• What is required
Only the lines below starting at the one that contains "7) toy train (77,536,90,539)" and ending at the one that contains "- ink cartridge box [128,248,155,283]" are to be reproduced, exactly and with both ends kept.

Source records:
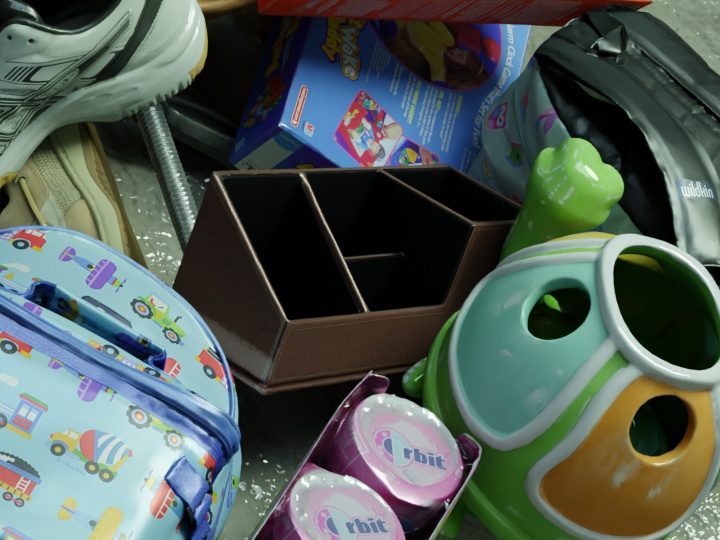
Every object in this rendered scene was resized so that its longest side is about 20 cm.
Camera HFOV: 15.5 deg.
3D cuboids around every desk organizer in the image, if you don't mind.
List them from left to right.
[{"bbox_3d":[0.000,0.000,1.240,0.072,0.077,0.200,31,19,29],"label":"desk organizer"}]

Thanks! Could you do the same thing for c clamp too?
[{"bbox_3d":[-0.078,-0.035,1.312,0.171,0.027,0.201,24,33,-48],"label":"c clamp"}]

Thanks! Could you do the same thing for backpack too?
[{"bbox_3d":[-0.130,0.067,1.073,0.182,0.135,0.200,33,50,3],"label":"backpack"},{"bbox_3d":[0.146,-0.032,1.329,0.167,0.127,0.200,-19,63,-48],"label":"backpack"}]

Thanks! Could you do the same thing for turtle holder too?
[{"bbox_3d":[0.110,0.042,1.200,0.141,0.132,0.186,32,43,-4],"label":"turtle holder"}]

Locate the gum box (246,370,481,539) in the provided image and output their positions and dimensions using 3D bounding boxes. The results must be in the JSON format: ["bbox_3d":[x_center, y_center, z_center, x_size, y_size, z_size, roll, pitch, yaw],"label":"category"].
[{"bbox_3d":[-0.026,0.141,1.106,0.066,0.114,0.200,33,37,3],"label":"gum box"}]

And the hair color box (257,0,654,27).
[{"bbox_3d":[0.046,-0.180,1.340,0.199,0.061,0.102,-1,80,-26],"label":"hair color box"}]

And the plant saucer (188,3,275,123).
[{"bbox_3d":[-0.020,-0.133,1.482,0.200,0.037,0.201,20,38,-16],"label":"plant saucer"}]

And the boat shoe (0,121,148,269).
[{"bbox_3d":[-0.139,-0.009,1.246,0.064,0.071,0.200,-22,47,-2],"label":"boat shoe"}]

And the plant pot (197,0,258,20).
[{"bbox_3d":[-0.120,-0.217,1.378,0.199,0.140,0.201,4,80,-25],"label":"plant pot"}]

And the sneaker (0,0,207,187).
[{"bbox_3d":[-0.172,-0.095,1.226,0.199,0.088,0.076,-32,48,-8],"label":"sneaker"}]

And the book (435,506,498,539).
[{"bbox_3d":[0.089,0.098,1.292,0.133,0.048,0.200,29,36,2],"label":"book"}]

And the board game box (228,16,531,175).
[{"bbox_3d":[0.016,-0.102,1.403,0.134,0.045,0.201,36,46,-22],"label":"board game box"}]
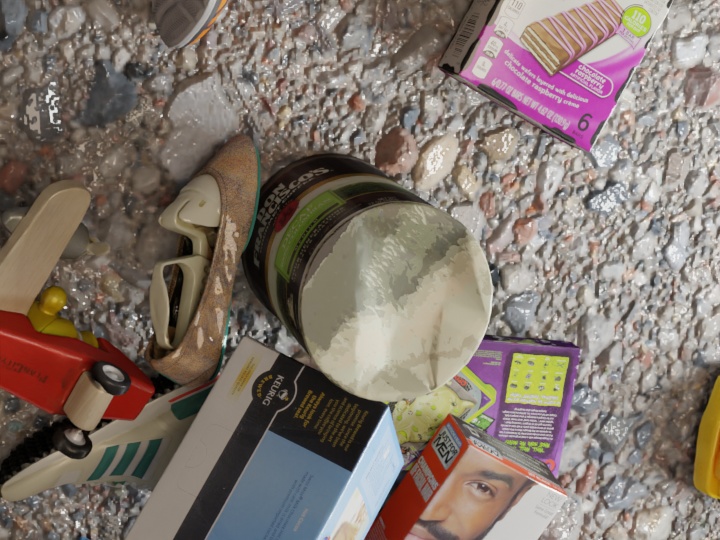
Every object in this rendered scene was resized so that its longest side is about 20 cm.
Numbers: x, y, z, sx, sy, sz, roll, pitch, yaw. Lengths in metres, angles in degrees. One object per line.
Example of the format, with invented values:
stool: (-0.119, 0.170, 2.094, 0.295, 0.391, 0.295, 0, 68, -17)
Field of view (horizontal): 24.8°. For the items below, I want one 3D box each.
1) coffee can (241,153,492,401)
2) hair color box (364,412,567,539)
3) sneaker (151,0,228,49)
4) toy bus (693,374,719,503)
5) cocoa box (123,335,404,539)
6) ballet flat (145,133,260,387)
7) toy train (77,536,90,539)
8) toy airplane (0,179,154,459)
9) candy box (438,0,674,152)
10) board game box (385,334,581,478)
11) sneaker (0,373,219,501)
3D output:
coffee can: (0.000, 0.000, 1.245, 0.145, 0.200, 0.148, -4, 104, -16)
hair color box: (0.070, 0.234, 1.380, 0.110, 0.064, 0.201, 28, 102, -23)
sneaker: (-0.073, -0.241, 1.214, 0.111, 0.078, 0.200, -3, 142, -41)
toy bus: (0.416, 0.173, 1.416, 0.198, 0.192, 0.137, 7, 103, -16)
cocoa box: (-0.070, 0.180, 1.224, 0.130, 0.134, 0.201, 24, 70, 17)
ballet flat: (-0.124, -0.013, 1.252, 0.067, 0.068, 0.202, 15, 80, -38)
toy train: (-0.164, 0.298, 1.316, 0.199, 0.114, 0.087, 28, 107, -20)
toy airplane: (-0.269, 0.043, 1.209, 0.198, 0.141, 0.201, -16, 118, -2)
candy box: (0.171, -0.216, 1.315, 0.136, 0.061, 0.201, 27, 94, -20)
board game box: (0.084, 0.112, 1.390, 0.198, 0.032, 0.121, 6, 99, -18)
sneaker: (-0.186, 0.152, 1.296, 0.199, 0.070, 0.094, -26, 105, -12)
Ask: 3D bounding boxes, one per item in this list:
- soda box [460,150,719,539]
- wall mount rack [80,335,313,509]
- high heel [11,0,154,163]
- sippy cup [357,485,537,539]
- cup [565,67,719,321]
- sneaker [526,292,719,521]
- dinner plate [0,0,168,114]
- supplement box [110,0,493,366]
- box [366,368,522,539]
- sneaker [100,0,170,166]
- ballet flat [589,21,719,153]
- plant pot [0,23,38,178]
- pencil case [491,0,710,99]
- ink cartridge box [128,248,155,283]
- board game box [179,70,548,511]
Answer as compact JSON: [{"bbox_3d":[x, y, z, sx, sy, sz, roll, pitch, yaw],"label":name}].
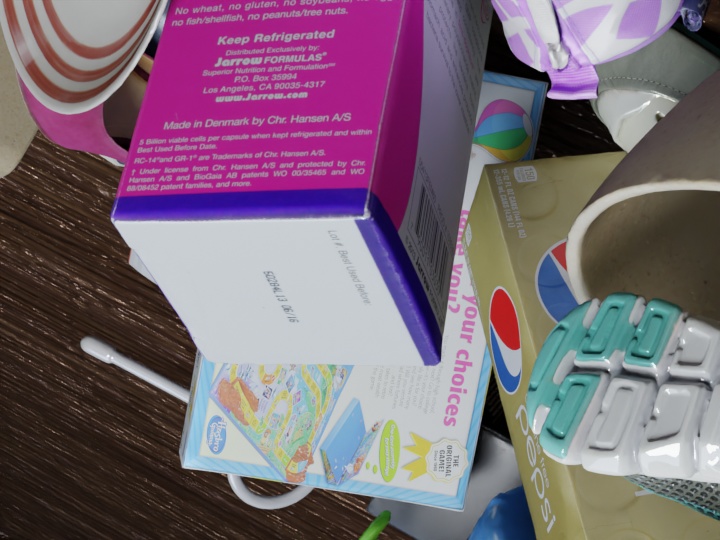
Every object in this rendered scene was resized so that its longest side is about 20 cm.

--

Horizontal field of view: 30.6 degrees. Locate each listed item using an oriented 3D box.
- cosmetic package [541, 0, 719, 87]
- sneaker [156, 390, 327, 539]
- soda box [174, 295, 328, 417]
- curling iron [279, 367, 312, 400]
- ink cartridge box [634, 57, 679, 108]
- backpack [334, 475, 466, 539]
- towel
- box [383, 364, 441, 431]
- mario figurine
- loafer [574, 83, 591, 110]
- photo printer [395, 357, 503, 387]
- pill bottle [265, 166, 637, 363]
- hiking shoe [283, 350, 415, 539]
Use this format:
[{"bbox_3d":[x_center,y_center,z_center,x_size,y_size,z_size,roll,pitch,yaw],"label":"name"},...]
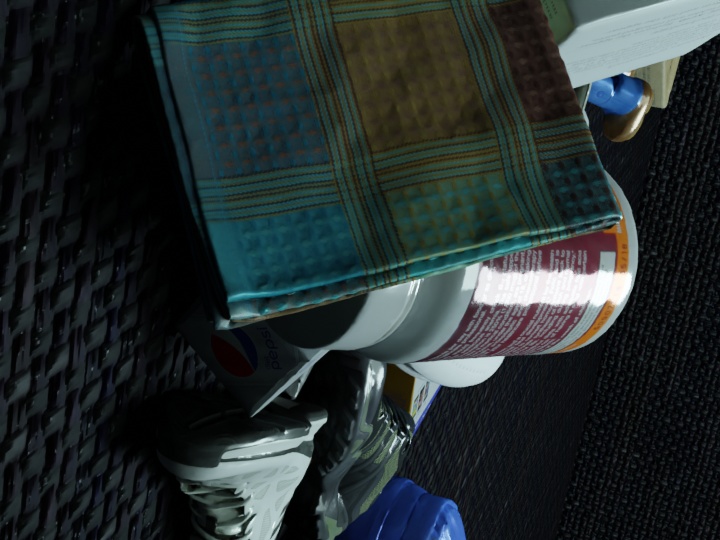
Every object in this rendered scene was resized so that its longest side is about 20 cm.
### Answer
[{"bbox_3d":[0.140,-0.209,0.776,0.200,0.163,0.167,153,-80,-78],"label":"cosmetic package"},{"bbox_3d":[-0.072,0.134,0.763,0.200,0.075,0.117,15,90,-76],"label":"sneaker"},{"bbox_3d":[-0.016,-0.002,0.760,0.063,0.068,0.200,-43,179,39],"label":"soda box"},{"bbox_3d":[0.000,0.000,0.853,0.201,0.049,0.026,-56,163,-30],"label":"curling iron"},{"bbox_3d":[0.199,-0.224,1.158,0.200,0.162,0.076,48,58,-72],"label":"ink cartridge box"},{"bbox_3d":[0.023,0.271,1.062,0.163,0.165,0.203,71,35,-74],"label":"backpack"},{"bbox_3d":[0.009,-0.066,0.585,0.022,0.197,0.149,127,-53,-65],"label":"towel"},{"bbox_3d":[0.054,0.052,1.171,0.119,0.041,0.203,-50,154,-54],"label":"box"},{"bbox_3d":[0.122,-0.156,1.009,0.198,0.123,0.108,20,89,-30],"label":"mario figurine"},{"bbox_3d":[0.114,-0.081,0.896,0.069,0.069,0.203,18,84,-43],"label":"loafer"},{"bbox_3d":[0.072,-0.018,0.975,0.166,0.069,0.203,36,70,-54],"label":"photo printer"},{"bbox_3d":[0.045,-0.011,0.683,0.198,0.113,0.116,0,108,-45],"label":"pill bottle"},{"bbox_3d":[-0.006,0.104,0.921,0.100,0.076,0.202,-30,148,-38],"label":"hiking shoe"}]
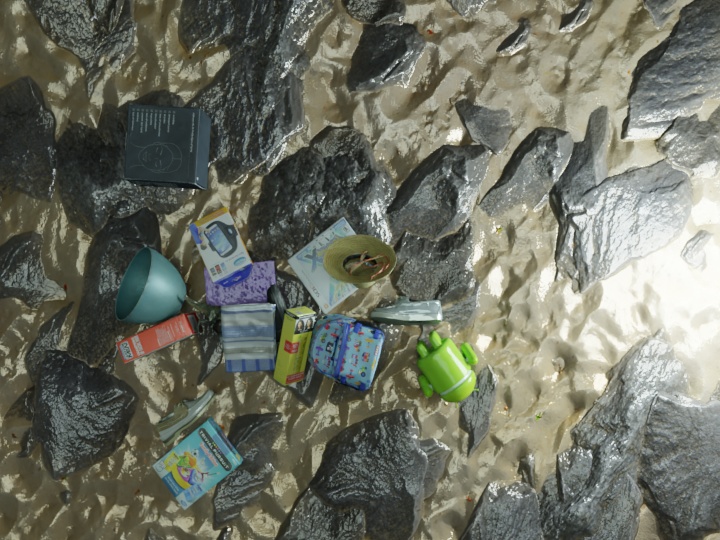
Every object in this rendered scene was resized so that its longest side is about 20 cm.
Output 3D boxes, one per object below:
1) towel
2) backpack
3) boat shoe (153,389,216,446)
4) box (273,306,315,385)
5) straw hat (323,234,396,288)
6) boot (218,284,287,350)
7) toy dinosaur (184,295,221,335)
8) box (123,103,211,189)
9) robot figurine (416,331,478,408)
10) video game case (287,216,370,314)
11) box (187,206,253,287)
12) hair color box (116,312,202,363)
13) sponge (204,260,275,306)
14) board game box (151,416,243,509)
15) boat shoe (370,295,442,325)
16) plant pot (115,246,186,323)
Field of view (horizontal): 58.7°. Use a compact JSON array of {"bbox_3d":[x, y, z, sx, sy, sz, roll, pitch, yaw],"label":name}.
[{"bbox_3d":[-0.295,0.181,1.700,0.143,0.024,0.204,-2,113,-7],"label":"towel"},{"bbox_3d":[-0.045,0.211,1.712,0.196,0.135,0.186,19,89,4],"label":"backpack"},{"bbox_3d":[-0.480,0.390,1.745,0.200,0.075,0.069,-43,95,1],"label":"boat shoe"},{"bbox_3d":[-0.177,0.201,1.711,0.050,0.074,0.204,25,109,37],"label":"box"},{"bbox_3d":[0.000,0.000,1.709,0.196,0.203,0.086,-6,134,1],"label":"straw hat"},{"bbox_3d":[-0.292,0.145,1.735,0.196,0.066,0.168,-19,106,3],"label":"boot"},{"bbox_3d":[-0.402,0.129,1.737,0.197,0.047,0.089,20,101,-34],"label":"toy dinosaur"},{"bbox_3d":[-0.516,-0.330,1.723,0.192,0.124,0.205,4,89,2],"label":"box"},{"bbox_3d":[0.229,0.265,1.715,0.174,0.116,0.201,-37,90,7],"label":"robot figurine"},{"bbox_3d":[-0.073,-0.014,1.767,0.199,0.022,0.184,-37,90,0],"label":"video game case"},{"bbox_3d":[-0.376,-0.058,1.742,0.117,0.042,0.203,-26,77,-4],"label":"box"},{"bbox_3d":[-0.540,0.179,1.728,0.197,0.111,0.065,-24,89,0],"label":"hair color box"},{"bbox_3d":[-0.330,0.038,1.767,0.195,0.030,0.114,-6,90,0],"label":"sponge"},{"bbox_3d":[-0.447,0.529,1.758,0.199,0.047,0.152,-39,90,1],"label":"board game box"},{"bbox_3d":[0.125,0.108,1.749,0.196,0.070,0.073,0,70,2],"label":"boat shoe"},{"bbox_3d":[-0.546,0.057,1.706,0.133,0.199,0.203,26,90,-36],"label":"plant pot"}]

• Output for this exercise
7) toy train (77,536,90,539)
8) toy airplane (0,179,154,459)
9) candy box (438,0,674,152)
10) board game box (385,334,581,478)
11) sneaker (0,373,219,501)
3D output:
coffee can: (0.000, 0.000, 1.245, 0.145, 0.200, 0.148, -4, 104, -16)
hair color box: (0.070, 0.234, 1.380, 0.110, 0.064, 0.201, 28, 102, -23)
sneaker: (-0.073, -0.241, 1.214, 0.111, 0.078, 0.200, -3, 142, -41)
toy bus: (0.416, 0.173, 1.416, 0.198, 0.192, 0.137, 7, 103, -16)
cocoa box: (-0.070, 0.180, 1.224, 0.130, 0.134, 0.201, 24, 70, 17)
ballet flat: (-0.124, -0.013, 1.252, 0.067, 0.068, 0.202, 15, 80, -38)
toy train: (-0.164, 0.298, 1.316, 0.199, 0.114, 0.087, 28, 107, -20)
toy airplane: (-0.269, 0.043, 1.209, 0.198, 0.141, 0.201, -16, 118, -2)
candy box: (0.171, -0.216, 1.315, 0.136, 0.061, 0.201, 27, 94, -20)
board game box: (0.084, 0.112, 1.390, 0.198, 0.032, 0.121, 6, 99, -18)
sneaker: (-0.186, 0.152, 1.296, 0.199, 0.070, 0.094, -26, 105, -12)
Ask: 3D bounding boxes, one per item in this list:
- soda box [460,150,719,539]
- wall mount rack [80,335,313,509]
- high heel [11,0,154,163]
- sippy cup [357,485,537,539]
- cup [565,67,719,321]
- sneaker [526,292,719,521]
- dinner plate [0,0,168,114]
- supplement box [110,0,493,366]
- box [366,368,522,539]
- sneaker [100,0,170,166]
- ballet flat [589,21,719,153]
- plant pot [0,23,38,178]
- pencil case [491,0,710,99]
- ink cartridge box [128,248,155,283]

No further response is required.